In this form the velocity dependence of E and p is slightly more transparent (as long as the velocity dependence of γ is understood). In particular, it is clear that momentum is no longer a linear function of velocity.

The downside to this is that the famous Einstein equation E = m c2 is only valid in the rest frame of a particle. Be that as it may, this is precisely how the equation is understood today. In a general reference frame, one should use the equation E = γ m c2 or the full energy-momentum relation:

$E^2 = m^2 c^4 + p^2 c^2 \,$

Some reasons for abandoning the notion relativistic mass:

• One is forced to make statements like "A photon has no rest mass", which sounds slightly odd because a photon can never be at rest, it always travels at the speed of light.
• The idea of mass increasing with velocity leads many to believe that the internal structure of a quickly moving object is somehow altered. But many physicists hold to the geometric interpretation of relativity, according to which the increase in energy is a result of the geometric properties of spacetime.
• The idea of relativistic mass combined with the notion of Lorentz contractions leads some people to the absurd conclusion that an object traveling fast enough will form a black hole. However, by the very principle of relativity, if an object is not a black hole in one frame (its rest frame) it cannot be a black hole in any other frame either.
• If one wishes to retain the notion that mass measures the "resistance" to acceleration, then mass can no longer be treated as a scalar quantity. This is because it is easier to accelerate something perpendicular to the direction of motion than parallel to the direction of motion. In effect, an object would have more mass in one direction than other.
• The primary reason that most physicists chose to abandon relativistic mass in favor of the rest mass is that rest mass is a Lorentz invariant quantity — it is the same in every reference frame. Strictly speaking, it is the time-like component of a four-vector (the energy-momentum four-vector). A four-vector is a Lorentz invariant quantity, but its individual components are not.

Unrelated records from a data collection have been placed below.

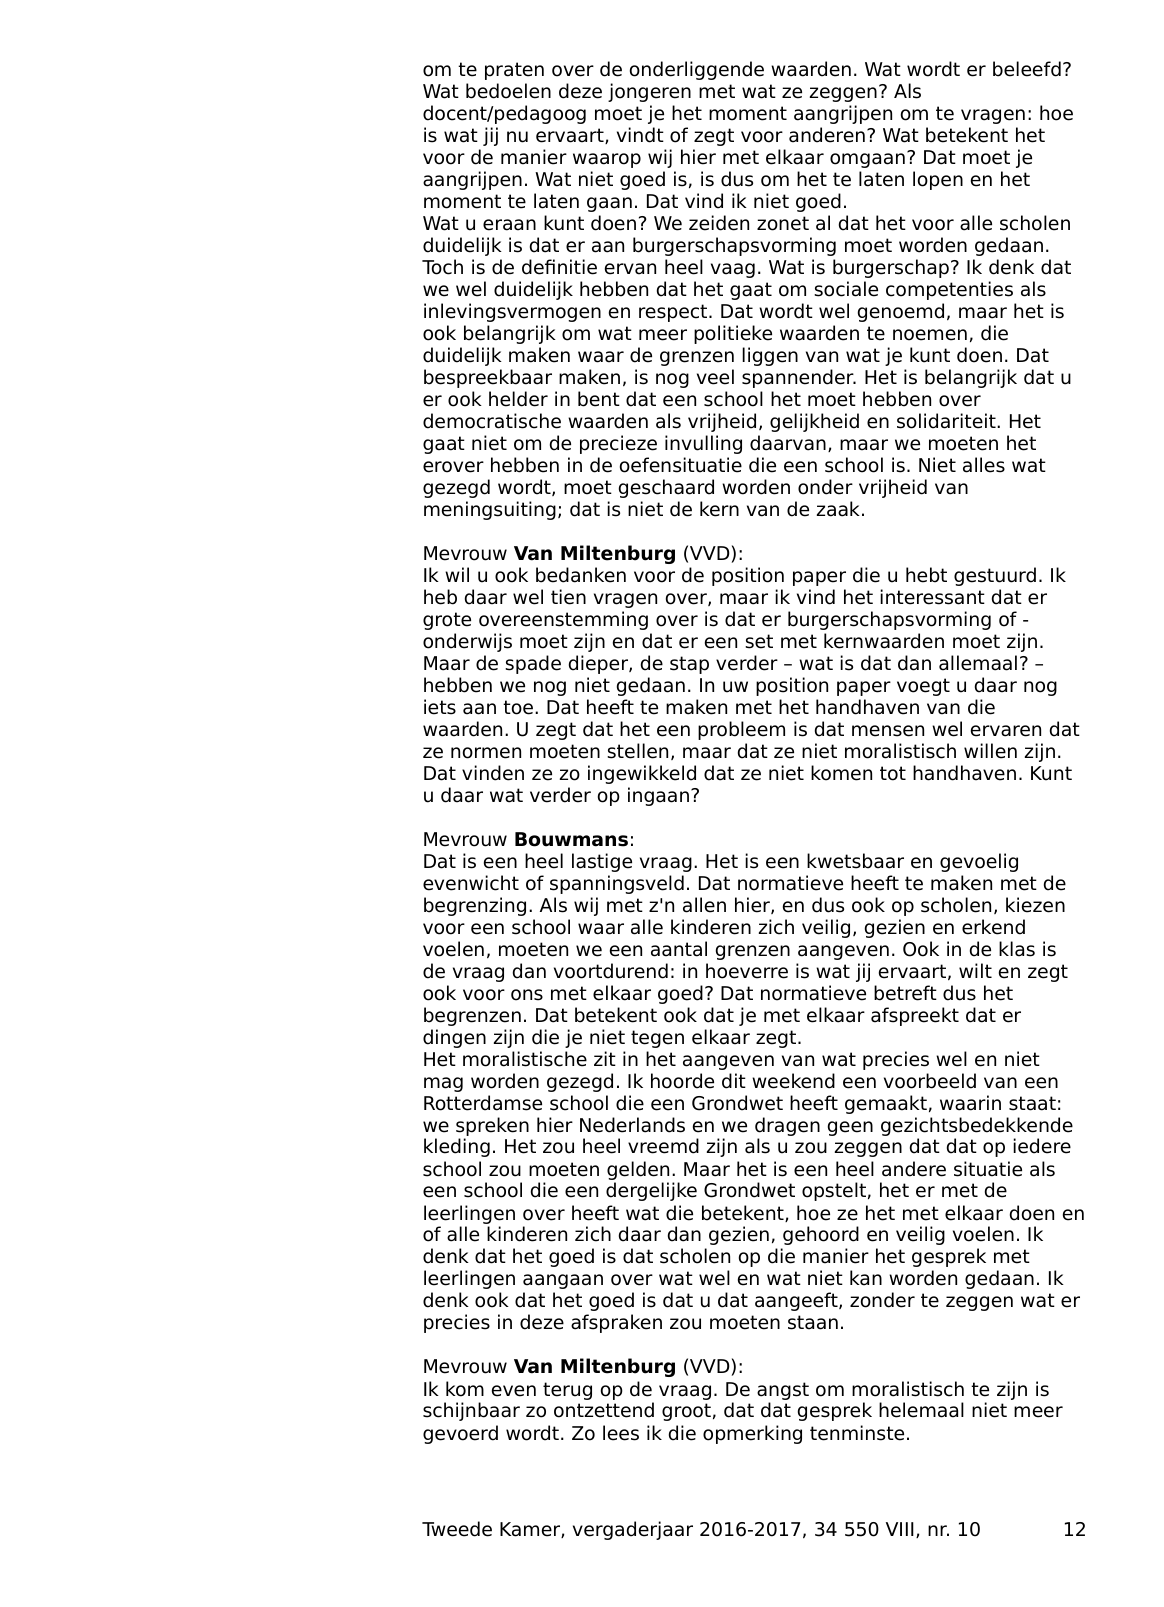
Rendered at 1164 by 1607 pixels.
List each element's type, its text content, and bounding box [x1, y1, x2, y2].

text Mevrouw Van Miltenburg (VVD): [422, 543, 1087, 565]
text Het moralistische zit in het aangeven van wat precies wel en niet mag worden gezegd. Ik hoorde dit weekend een voorbeeld van een Rotterdamse school die een Grondwet heeft gemaakt, waarin staat: we spreken hier Nederlands en we dragen geen gezichtsbedekkende kleding. Het zou heel vreemd zijn als u zou zeggen dat dat op iedere school zou moeten gelden. Maar het is een heel andere situatie als een school die een dergelijke Grondwet opstelt, het er met de leerlingen over heeft wat die betekent, hoe ze het met elkaar doen en of alle kinderen zich daar dan gezien, gehoord en veilig voelen. Ik denk dat het goed is dat scholen op die manier het gesprek met leerlingen aangaan over wat wel en wat niet kan worden gedaan. Ik denk ook dat het goed is dat u dat aangeeft, zonder te zeggen wat er precies in deze afspraken zou moeten staan. [422, 1048, 1087, 1334]
text Ik wil u ook bedanken voor de position paper die u hebt gestuurd. Ik heb daar wel tien vragen over, maar ik vind het interessant dat er grote overeenstemming over is dat er burgerschapsvorming of -onderwijs moet zijn en dat er een set met kernwaarden moet zijn. Maar de spade dieper, de stap verder – wat is dat dan allemaal? – hebben we nog niet gedaan. In uw position paper voegt u daar nog iets aan toe. Dat heeft te maken met het handhaven van die waarden. U zegt dat het een probleem is dat mensen wel ervaren dat ze normen moeten stellen, maar dat ze niet moralistisch willen zijn. Dat vinden ze zo ingewikkeld dat ze niet komen tot handhaven. Kunt u daar wat verder op ingaan? [422, 565, 1087, 807]
text Dat is een heel lastige vraag. Het is een kwetsbaar en gevoelig evenwicht of spanningsveld. Dat normatieve heeft te maken met de begrenzing. Als wij met z'n allen hier, en dus ook op scholen, kiezen voor een school waar alle kinderen zich veilig, gezien en erkend voelen, moeten we een aantal grenzen aangeven. Ook in de klas is de vraag dan voortdurend: in hoeverre is wat jij ervaart, wilt en zegt ook voor ons met elkaar goed? Dat normatieve betreft dus het begrenzen. Dat betekent ook dat je met elkaar afspreekt dat er dingen zijn die je niet tegen elkaar zegt. [422, 851, 1087, 1048]
text om te praten over de onderliggende waarden. Wat wordt er beleefd? Wat bedoelen deze jongeren met wat ze zeggen? Als docent/pedagoog moet je het moment aangrijpen om te vragen: hoe is wat jij nu ervaart, vindt of zegt voor anderen? Wat betekent het voor de manier waarop wij hier met elkaar omgaan? Dat moet je aangrijpen. Wat niet goed is, is dus om het te laten lopen en het moment te laten gaan. Dat vind ik niet goed. [422, 59, 1087, 213]
text Ik kom even terug op de vraag. De angst om moralistisch te zijn is schijnbaar zo ontzettend groot, dat dat gesprek helemaal niet meer gevoerd wordt. Zo lees ik die opmerking tenminste. [422, 1378, 1087, 1444]
text Mevrouw Van Miltenburg (VVD): [422, 1356, 1087, 1378]
text Wat u eraan kunt doen? We zeiden zonet al dat het voor alle scholen duidelijk is dat er aan burgerschapsvorming moet worden gedaan. Toch is de definitie ervan heel vaag. Wat is burgerschap? Ik denk dat we wel duidelijk hebben dat het gaat om sociale competenties als inlevingsvermogen en respect. Dat wordt wel genoemd, maar het is ook belangrijk om wat meer politieke waarden te noemen, die duidelijk maken waar de grenzen liggen van wat je kunt doen. Dat bespreekbaar maken, is nog veel spannender. Het is belangrijk dat u er ook helder in bent dat een school het moet hebben over democratische waarden als vrijheid, gelijkheid en solidariteit. Het gaat niet om de precieze invulling daarvan, maar we moeten het erover hebben in de oefensituatie die een school is. Niet alles wat gezegd wordt, moet geschaard worden onder vrijheid van meningsuiting; dat is niet de kern van de zaak. [422, 213, 1087, 521]
text Mevrouw Bouwmans: [422, 829, 1087, 851]
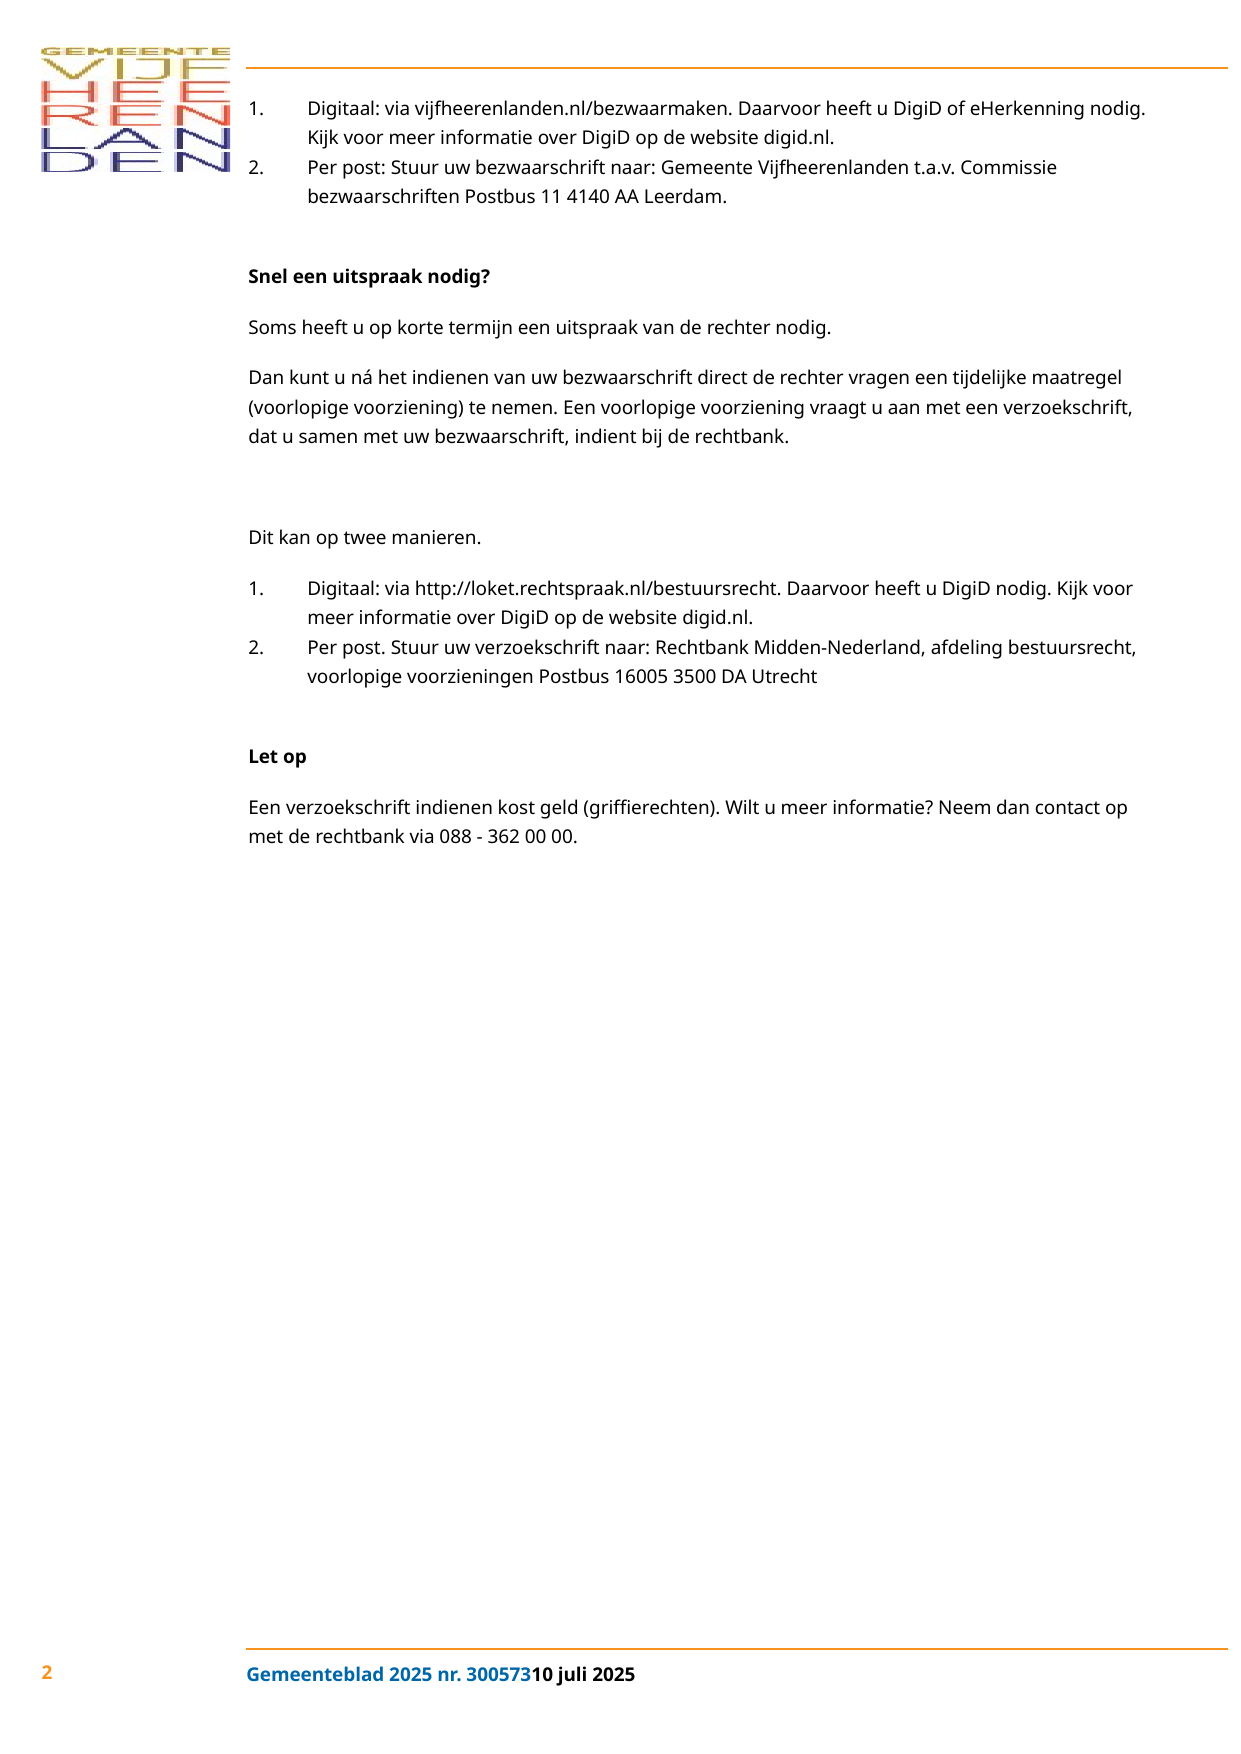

In the end, the usage of mass, energy, and momentum in place of terms like rest mass and relativistic mass is a matter of semantics. Neither usage is technically wrong. However, that the latter terms are little used in the scientific community is a strong argument in favor of abandoning them altogether. Einstein himself wrote:

“It is not good to introduce the concept of the mass M = m/(1 - v2/c2)1/2 of a body for which no clear definition can be given. It is better to introduce no other mass than ‘the rest mass’ m. Instead of introducing M, it is better to mention the expression for the momentum and energy of a body in motion.” – Einstein, in a 1948 letter to Lincoln Barnett

This precisely echoes the modern sentiment.